Note, if it wasn’t for Apple implementing a single sign-on for Twitter, the process would be troublesome for the user. Without this feature, users would be required to authorise their accounts using Twitters oAuth, adding friction to the process. More friction equals less conversions.

The same goes for Reminders. Advertisers were already able to bundle calendar events, send emails, place calls, take screenshots, set wallpaper, save images and take photos. Now, Reminders can be added for a certain date and time, but also include support for a specific location.


Perhaps the biggest addition to the list is the inclusion of Passbook support. For advertisers, this could be a very interesting development.

Often, an advertiser will choose to run a promotion, perhaps choosing a small banner ad that will run at the top or bottom of the screen and alert users to a “Buy two cheeseburgers and get one free” offer. As it works now, the user clicks that banner, visits the retailers website, enters his/her details and then receives a coupon via email.

With Passbook, it’s a case of discovering the user’s location, pinging its database for the relevant coupon and then serving it to the user. The coupon will display the retailer’s branding, offer details and other relevant information to the user and all they have to do is hit ‘Add’ and it is saved to their Passbook.

If that offer isn’t time sensitive, it could reside in a user’s Passbook until they are physically passing the participating store. Passbook’s location-aware features kick in and BOOM, a notification is served, pass displayed on the user’s lockscreen and someone has the chance to redeem their “Buy two cheeseburgers and get one free” offer when they might otherwise have forgotten about it.

Screen Shot 2012 09 27 at 08.26.02 520x394 How Apple is boosting its iAd platform with seamless Twitter and Passbook integration

A boost for iAd?

Apple’s doesn’t often comment on its iAd platform, making it hard to determine whether it is a successful division within the company.

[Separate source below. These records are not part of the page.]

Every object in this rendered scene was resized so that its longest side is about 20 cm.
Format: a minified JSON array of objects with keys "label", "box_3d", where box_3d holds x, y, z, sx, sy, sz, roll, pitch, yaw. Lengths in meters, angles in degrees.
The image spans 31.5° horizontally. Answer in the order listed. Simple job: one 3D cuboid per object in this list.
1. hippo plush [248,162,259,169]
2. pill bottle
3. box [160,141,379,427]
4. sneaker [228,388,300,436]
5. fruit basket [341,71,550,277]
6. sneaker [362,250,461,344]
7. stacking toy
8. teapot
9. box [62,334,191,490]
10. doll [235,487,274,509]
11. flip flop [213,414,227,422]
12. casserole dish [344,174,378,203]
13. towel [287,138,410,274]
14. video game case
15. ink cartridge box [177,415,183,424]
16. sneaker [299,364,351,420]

Apple’s VP of Mobile Advertising, Andy Miller has jumped ship to VC firm Highland Capital and been replaced in an interim fashion by Apple’s VP of Internet Software and Services, Eddy Cue. Then in January, Apple hired on a full-timer in ex-Adobe executive Todd Teresi to head it up.

In April, Apple sent out a notice to participants in its iAd program that it would give 70% (up from 60%) of the revenue earned from an ad displayed in an app to the developer. The change was seen as a continuation of Apple’s efforts to jumpstart the adoption and use of its iAd service.

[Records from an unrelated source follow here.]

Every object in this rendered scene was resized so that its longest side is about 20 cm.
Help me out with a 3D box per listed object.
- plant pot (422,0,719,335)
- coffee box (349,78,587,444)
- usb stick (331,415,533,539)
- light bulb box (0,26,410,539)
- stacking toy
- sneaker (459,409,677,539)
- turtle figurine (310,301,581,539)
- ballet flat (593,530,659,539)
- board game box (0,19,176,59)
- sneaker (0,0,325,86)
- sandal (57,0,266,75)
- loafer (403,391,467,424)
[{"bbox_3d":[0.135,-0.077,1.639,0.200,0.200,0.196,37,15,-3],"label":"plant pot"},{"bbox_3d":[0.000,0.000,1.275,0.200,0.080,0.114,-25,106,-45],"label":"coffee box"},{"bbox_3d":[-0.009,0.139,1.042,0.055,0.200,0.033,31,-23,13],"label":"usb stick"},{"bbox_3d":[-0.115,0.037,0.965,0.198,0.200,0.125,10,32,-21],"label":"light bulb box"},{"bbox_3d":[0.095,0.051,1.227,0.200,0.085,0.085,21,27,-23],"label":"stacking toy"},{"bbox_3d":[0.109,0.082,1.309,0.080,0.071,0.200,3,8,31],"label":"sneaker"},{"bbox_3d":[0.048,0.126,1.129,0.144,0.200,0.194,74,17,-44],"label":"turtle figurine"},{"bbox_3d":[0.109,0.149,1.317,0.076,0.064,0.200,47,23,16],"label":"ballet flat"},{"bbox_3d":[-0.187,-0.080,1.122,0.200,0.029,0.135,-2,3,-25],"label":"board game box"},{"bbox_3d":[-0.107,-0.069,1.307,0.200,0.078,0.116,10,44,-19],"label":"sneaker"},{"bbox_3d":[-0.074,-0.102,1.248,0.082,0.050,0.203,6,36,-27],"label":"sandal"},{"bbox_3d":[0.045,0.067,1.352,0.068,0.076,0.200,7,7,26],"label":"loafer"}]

On its website, Apple offers some usage statistics, many of which are of the wider iOS ecosystem, but it does note that users engage with iAd ads for an “average of 60 seconds per visit.”

Apple prides itself on its iAd technology, highlighting that it is built into its iOS software. This enables advertisers to push app or iTunes downloads, compose SMS and email messages and have them delivered to a targeted address, deliver 3D graphical interfaces, load video and audio within an app and share content.

Facebook has already shown that if you don’t focus on mobile first, it’s a long process trying to adapt your existing products and services to work on mobile and resonate with mobile audiences. In this sense, Apple has been quietly collecting advertising data and tuning its service since it launched iAd in 2010.

With the inclusion of Passbook support, Apple has removed a number of barriers that have traditionally stopped users from interacting with mobile advertisements. Press, add and redeem is a lot easier than having to complete a web form and then find and redeem it when it hits your email.

Apple put a lot of effort into making its Passbook feature operate silently, it’s not an app that requires direct interaction. Instead, it waits and captures any supported coupons or tickets and throws out reminders, based not only on time but also location.

Reminding users they have a ticket or coupon is half the battle, advertisers will surely be interested in pursuing campaigns a platform that will deliver dates, times, locations, offers and lots of other information with little or no interaction on their part.